How to handle "" as output from split() for punctuation?

One of the last lessons in the Functional Programming section uses a Regex of /\W/ to remove any non-word characters. The problem is it adds “” into the array for punctuation, and I assume any non-word character.

I’m trying to break up a string, sort it, and somehow get a count for all words that appear more than once and get a count for how many times they occur. I may be posting again if I can’t figure that out, but how do I get rid of the empty quotes? Would empty quotes be considered NULL and can I filter them out?

I imagine the issue comes from when you have two \W characters near each other, between the two there is an empty string so you get an empty string in the resulting array.

You can change your regex, adding a single character, to make it work in a way to avoid empty strings in the resulting array - or at least reduce them, there may still be a situation where those stay

And I just noticed that the Regex above removes dashes which is a problem for hyphenated words.
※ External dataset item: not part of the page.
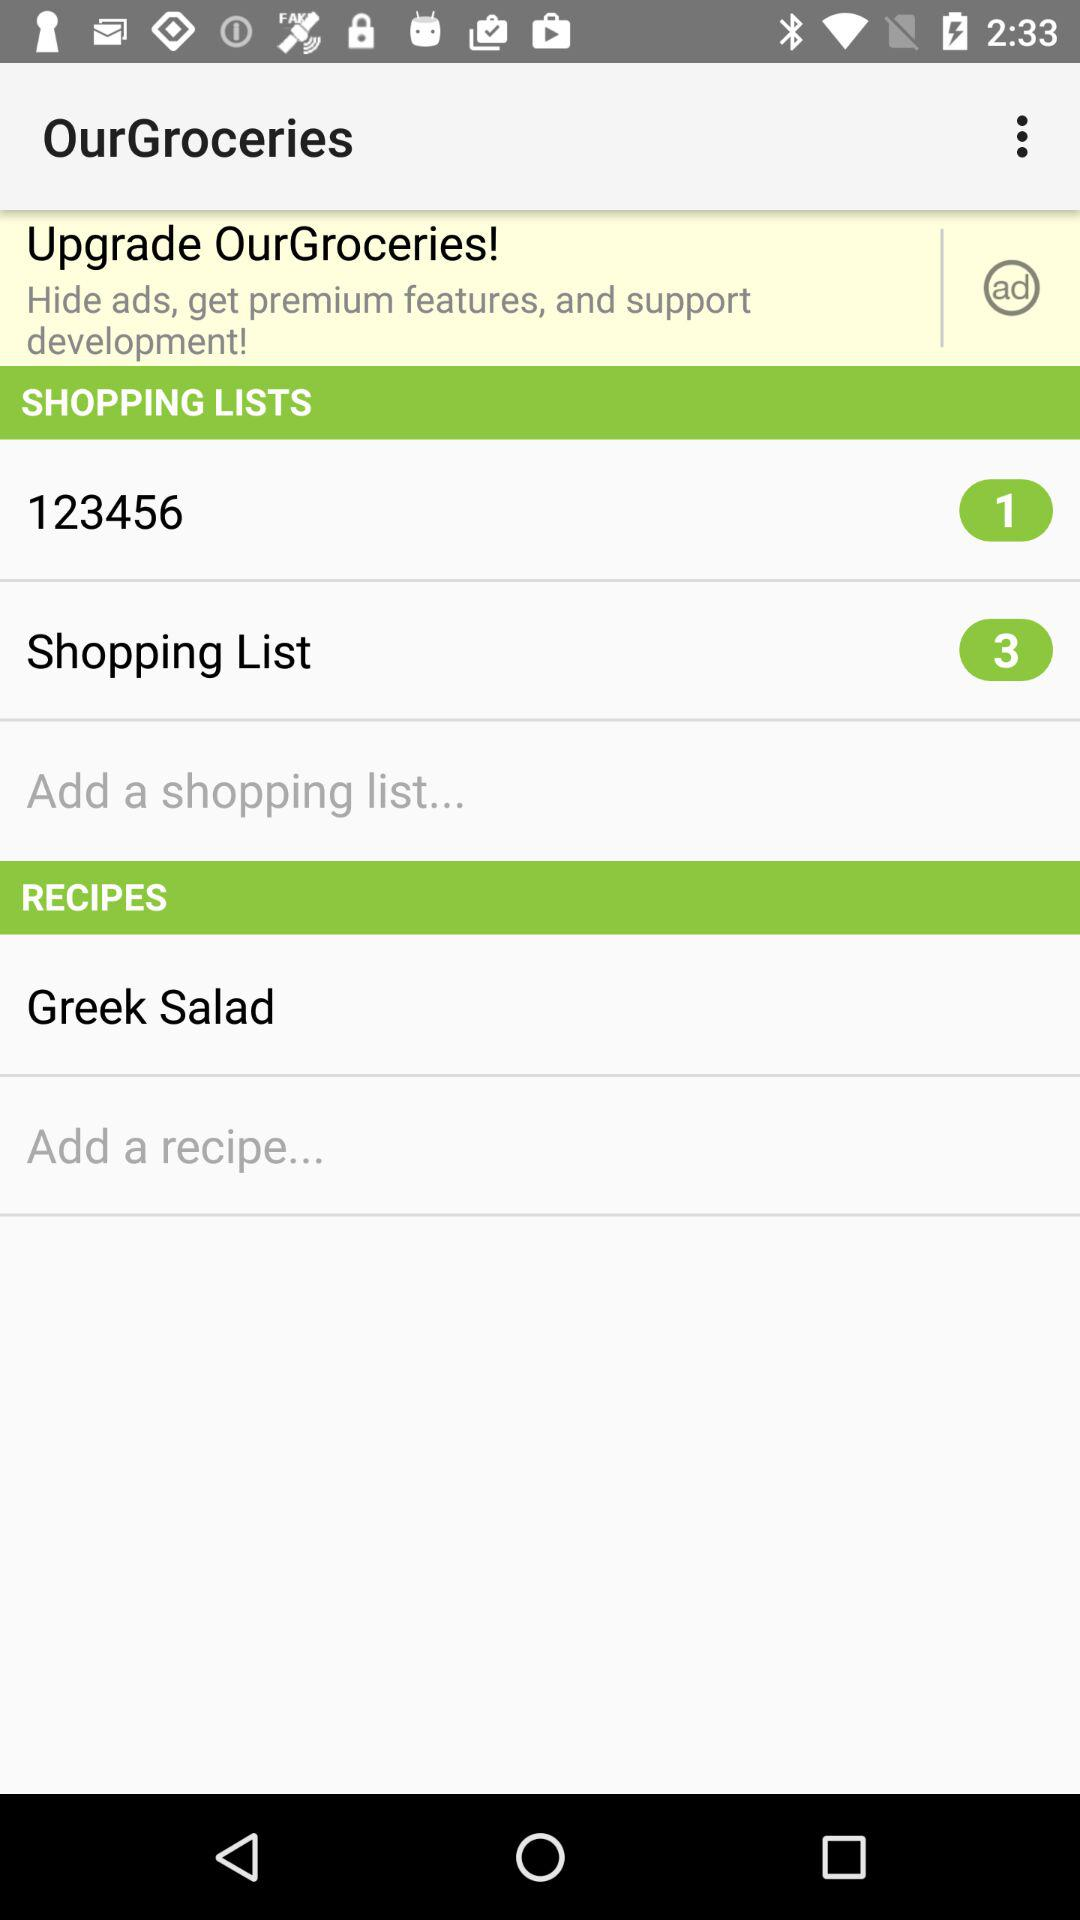How many items are there in the list named "Shopping List"? There are 3 items in the list named "Shopping List".

I changed it to /[^A-Za-z0-9_-]/ adding the dash at the end. For now, that works.

Actually, I am getting the empty string in the exact position where commas and periods are.

aren’t period and commas near a space? so that mean you have two characters matched by that regex near each other. When you have consecutive matched characters. You can change your regex to manage that.
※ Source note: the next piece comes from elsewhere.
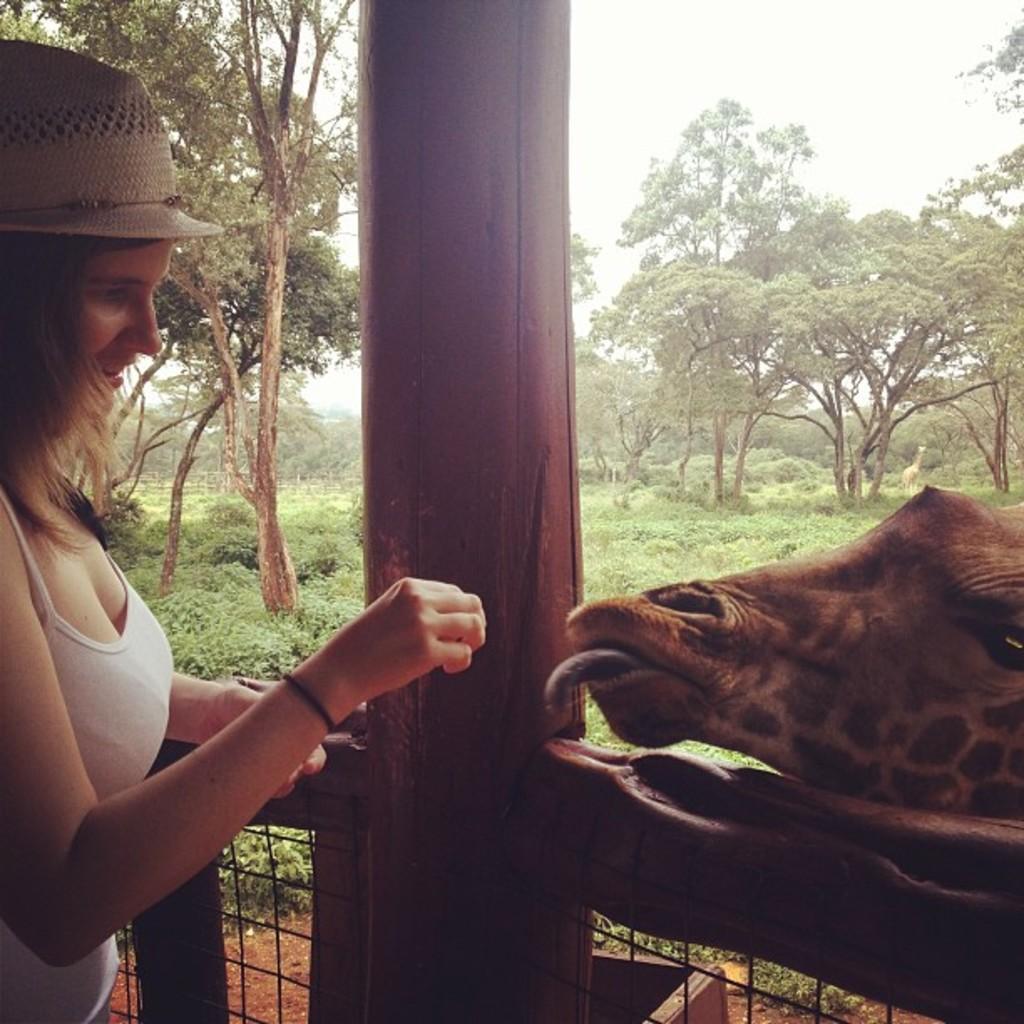In one or two sentences, can you explain what this image depicts? In this image we can see a person wearing white color top, brown color hat feeding some food to the giraffe which is at right side of the image and at the background of the image there are some trees, pole and clear sky.

I barely understand regex - that regex is copied from a solution to a lesson. How would I change the regex to handle that? I tried the following but it didn’t work:

let wordsToSplit = "Here is a Sentence, and a Comma, semi-colon; and a period."
let lowerCase = wordsToSplit.toLowerCase();

function splitWords(str) {
  let words = str.split(/[^A-Za-z0-9_-]/);
  for (let i = 0; i < words.length; i++) {
    if (words !== "") {
      return words.sort();
    }
  }

}
console.log(splitWords(lowerCase));

the regex you have matches a single character, instead you need a regex able to match multiple consecutive characters - is there something able to do that?

I have no idea. I tried changing the if condition from !== “” to !== null and I got an error.

There’s a great little site called regexr that I suggest you check out. On the sidebar they have a cheatsheet that lists out all the most common control sequences.

Thanks, bookmarked that. I’ll definitely check it out.

This topic was automatically closed 182 days after the last reply. New replies are no longer allowed.